Reasonableness of each party’s behavior:
[36] Rule 24(5) of the FLRs states that:
(5) In deciding whether a party has behaved reasonably or unreasonably, the court shall examine,
(a) the party’s behaviour in relation to the issues from the time they arose, including whether the party made an offer to settle;
(b) the reasonableness of any offer the party made; and
(c) any offer the party withdrew or failed to accept.
[37] The Court finds that the father’s behaviour was unreasonable during the litigation in:
Refusing to give permission for Celeste to travel out of the country with her grandmother;
Refusing to consent to allowing Celeste to attend activities that she really wanted to attend and participate in:
Requiring the mother to bring a motion to register her for a school;
Failing to comply with the Order of Justice Labrosse to use the Family Wizard App; and
Failing to provide costs as ordered by the Court.

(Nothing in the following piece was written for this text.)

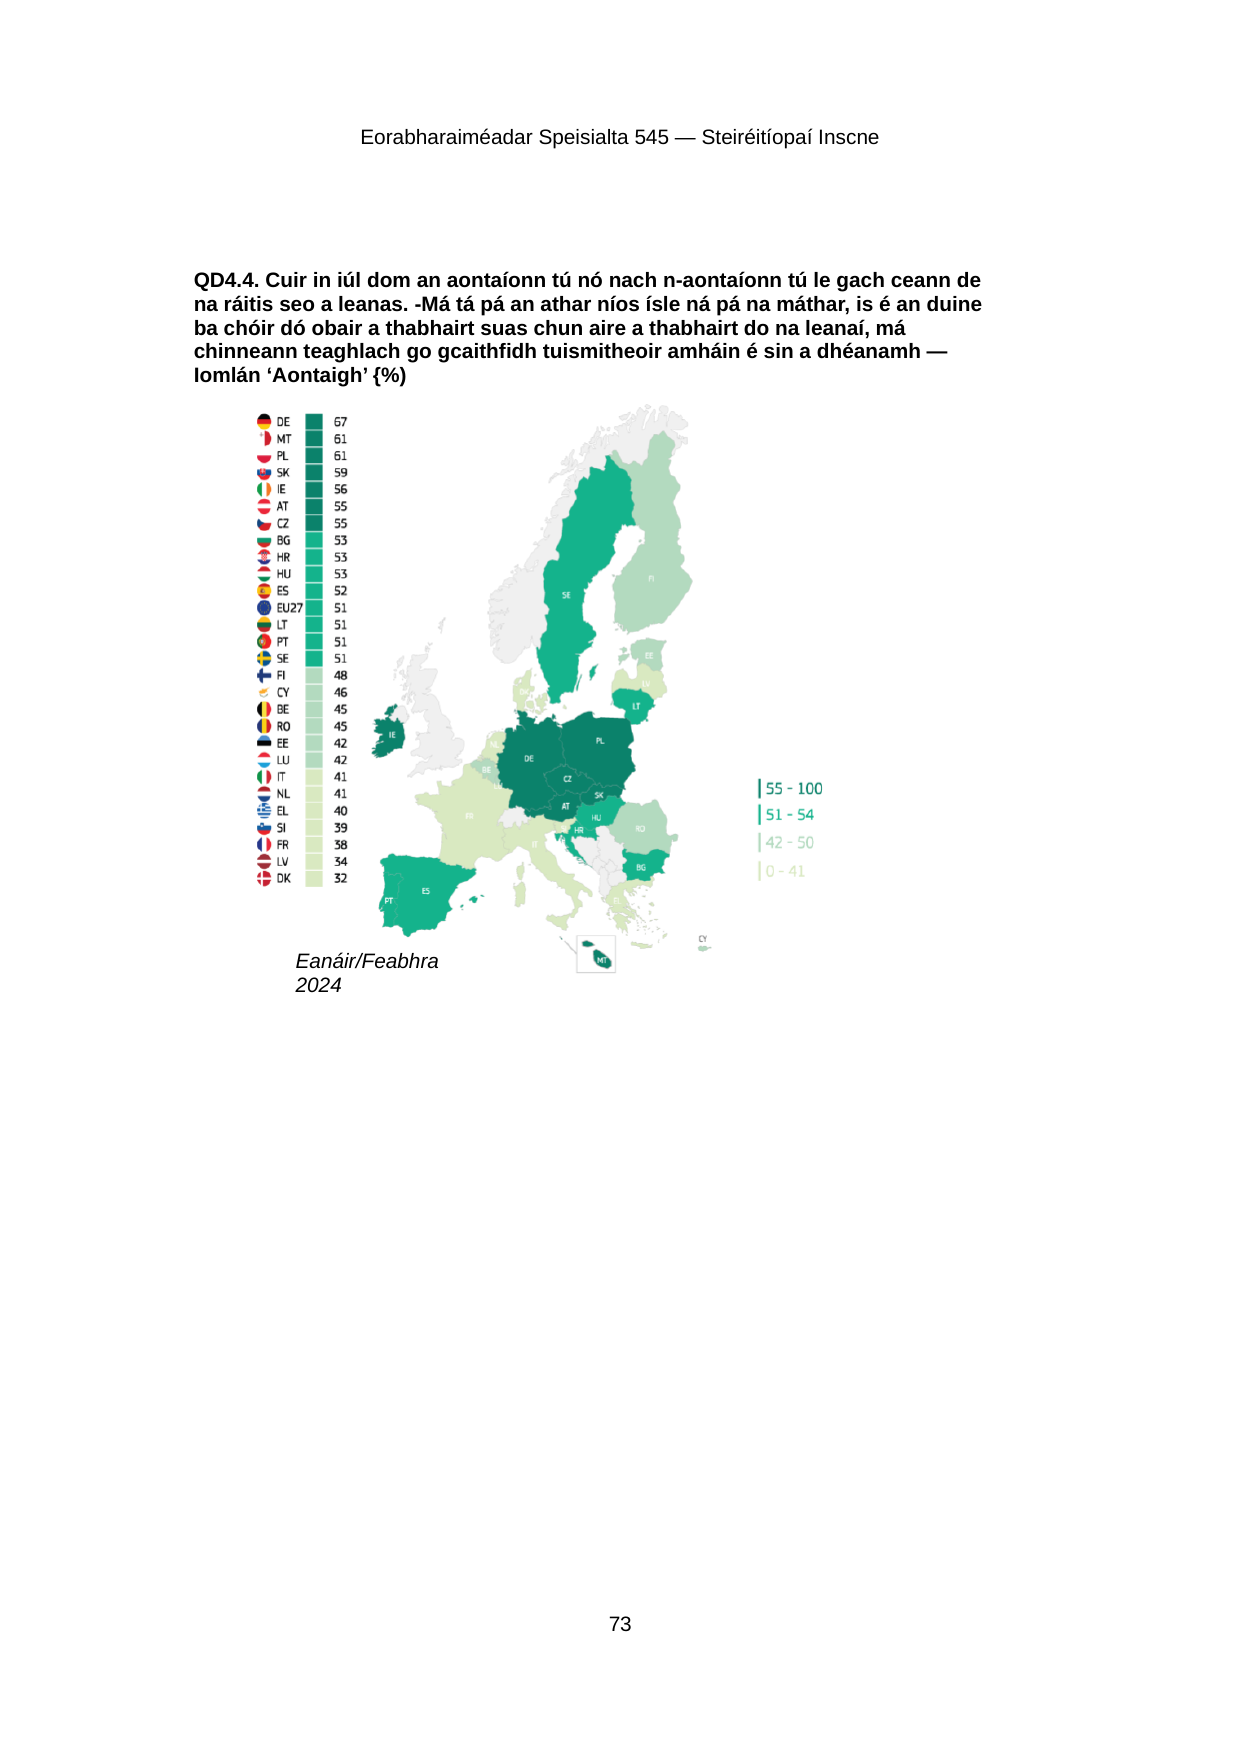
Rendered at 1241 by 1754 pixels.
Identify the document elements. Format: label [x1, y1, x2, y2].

picture [243, 398, 835, 974]

[38] His actions lengthened the litigation process and required numerous court motions.
[39] I do not find that the grandmother’s behaviour was unreasonable but rather she made efforts to engage with the father regarding the child’s needs and interests. Unfortunately, the father characterized her efforts as controlling and usurping his role as a parent.
[40] I do note the lack of candour of the grandmother and mother with respect to the incident that precipitated the father’s application. They did not advise the father of this incident where the mother allegedly sexually assaulted her young nephew, but rather he heard about this incident from a third party. The father initiated the application as he was motivated by a concern for his daughter’s welfare.
Bad Faith
[41] Rule 24(8) of the FLRs states:
(8) If a party has acted in bad faith, the court shall decide costs on a full recovery basis and shall order the party to pay them immediately.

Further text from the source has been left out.